Market Abuse Flashcards
(10 cards)
which are the rules on insider information disclosure?
An issuer shall inform the public as soon as possible of inside information which directly concerns the said issuer.
he should do so in a way that ensures fast, complete, correct an timely access for the public. (a mere press announcement might not be enough)
he can’t combine the announcement with marketing activities and must keep the insider info posted on his website for 5 years.
what is insider information?
information
1) of a precise nature
2) is not public
3) directly or indirectly concerns the issuer/security
4) if made public would significantly affect the price (information a reasonable
investor would be likely to use as part of the basis of his investment decisions)
what does “of precise nature” mean?
info that
1) indicates real or probable circumstances / an occurred or likely to occur event.
2) specific enough to allow a conclusion to be drawn on the effect that such event/circumstance will have on price.
Are information gathered during negotiations considerable of precise nature?
yes, as a consequence an intermediate step in a negotiation may fit the definition of insider information.
in which cases is an information specific enough to allow for a conclusion to be drawn on price?
- when it prompts traders to buy/sell said security with little to no financial risk (implying they know where the price will go)
- when the piece of info is likely to stir immediate trading on its basis when it becomes public
The assessment must happen ex-ante!!
in which cases is a credit institution exempt from immediate disclosure requirement?
a credit institution which is facing liquidity issues may delay public disclosure if:
1) disclosure might threaten the stability of the issuer and the financial system
2) it is in the public interest to delay disclosure
3) confidentiality of the information can be otherwise ensured
4) the competent authority reviews and approves all previous points
when is a normal institution allowed to delay disclosure of insider information?
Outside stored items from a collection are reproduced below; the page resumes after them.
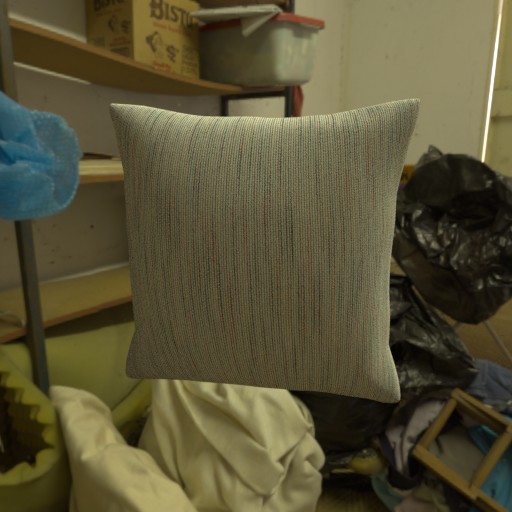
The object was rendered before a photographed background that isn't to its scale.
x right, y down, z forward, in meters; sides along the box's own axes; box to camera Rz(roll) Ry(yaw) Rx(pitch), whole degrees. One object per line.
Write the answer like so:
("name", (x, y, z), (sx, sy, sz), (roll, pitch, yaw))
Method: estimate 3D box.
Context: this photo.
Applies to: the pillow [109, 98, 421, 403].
("pillow", (0.000, 0.000, 0.762), (0.512, 0.506, 0.178), (2, 14, 10))
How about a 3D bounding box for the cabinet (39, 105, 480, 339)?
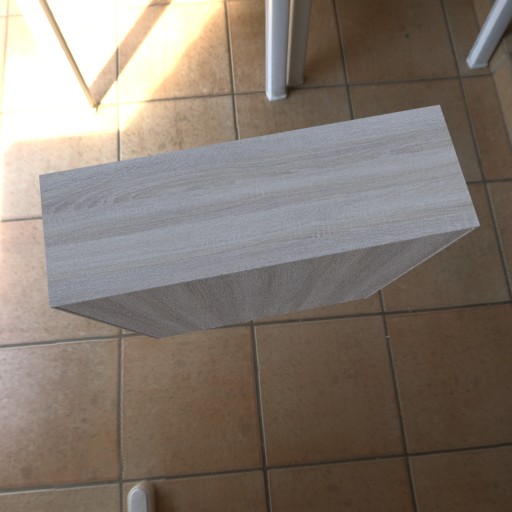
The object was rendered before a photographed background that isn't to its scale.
[{"bbox_3d":[0.000,0.000,2.959,1.870,2.060,0.620,-11,76,-3],"label":"cabinet"}]
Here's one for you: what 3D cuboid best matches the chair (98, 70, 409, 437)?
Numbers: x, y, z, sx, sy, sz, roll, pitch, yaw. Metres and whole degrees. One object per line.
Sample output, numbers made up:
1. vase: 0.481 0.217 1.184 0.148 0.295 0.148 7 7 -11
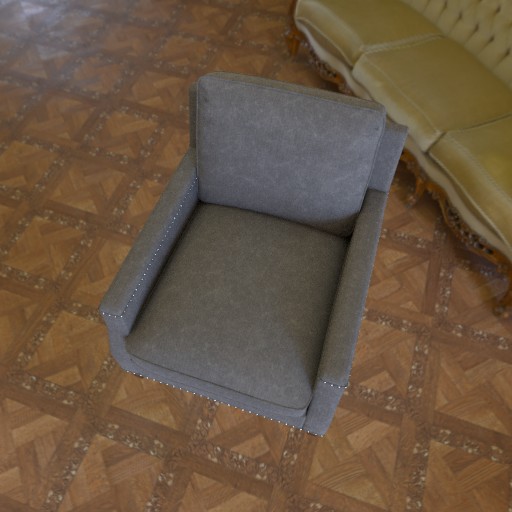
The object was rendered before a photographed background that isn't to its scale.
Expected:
1. chair: 0.000 0.000 1.686 0.853 0.948 1.014 15 58 10
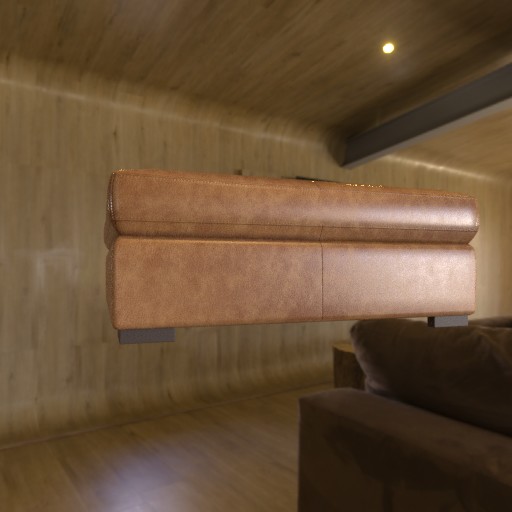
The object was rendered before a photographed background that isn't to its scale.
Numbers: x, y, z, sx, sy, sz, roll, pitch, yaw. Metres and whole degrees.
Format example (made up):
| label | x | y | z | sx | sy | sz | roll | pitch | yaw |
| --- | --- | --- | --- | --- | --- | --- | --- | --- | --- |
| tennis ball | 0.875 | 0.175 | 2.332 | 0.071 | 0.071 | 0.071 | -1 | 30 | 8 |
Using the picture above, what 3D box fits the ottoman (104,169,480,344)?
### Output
| label | x | y | z | sx | sy | sz | roll | pitch | yaw |
| --- | --- | --- | --- | --- | --- | --- | --- | --- | --- |
| ottoman | 0.000 | 0.000 | 1.806 | 1.169 | 0.483 | 1.168 | 1 | -2 | -19 |
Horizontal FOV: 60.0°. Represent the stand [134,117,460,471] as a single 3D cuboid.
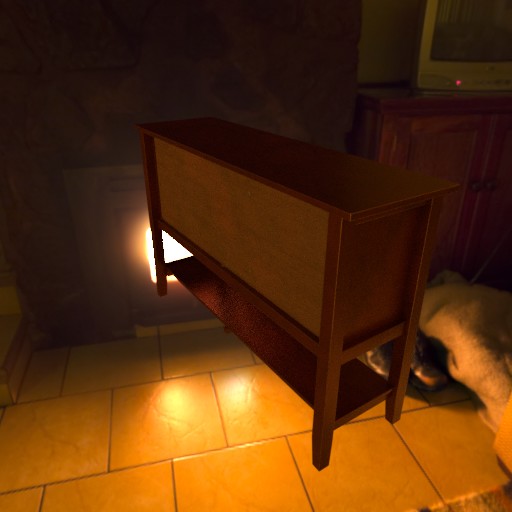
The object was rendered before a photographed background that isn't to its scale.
[{"bbox_3d":[0.000,0.000,1.774,0.410,0.872,1.362,-16,30,-30],"label":"stand"}]

an institution might delay disclosure if:
1) immediate disclosure might harm its legitimate interest
2) delay of disclosure will not mislead the public
3) the issuer can ensure confidentiality
The delay ends whenever confidentiality is not ensured anymore–> a sufficiently credibile rumor starts to spread about the info, the issuer must disclose
what are legitimate interests of the issuer (whose potential harm allows him to delay disclosure)?
-the issuer is conducting negotiation and disclosing intermediate steps coul hurt the result
- financial viability of the issuer is in grave danger and disclosing could kill any recovery plan
- a decision body of the issuer must approve a decision /sign a contract already approved by management, provided that early disclosure could warp the perception of the public and the final decision is scheduled to be taken asap.
in which situations is the delay of disclosure of insider information likely to misguide the public?
- the information greatly changes the outlook or meaning of a previous statement of the issuer
- the information relates to missing financial targets previously announced
- the info is in contrast with market expectations based on signals given by the issuer himself
what happens if an issuer discloses insider info to a third party?
he should make
-simultaneous disclosure if the deed was intentional
- prompt disclosure if the deed was unintentional
no need for immediate disclosure if the third party has a duty of confidentiality.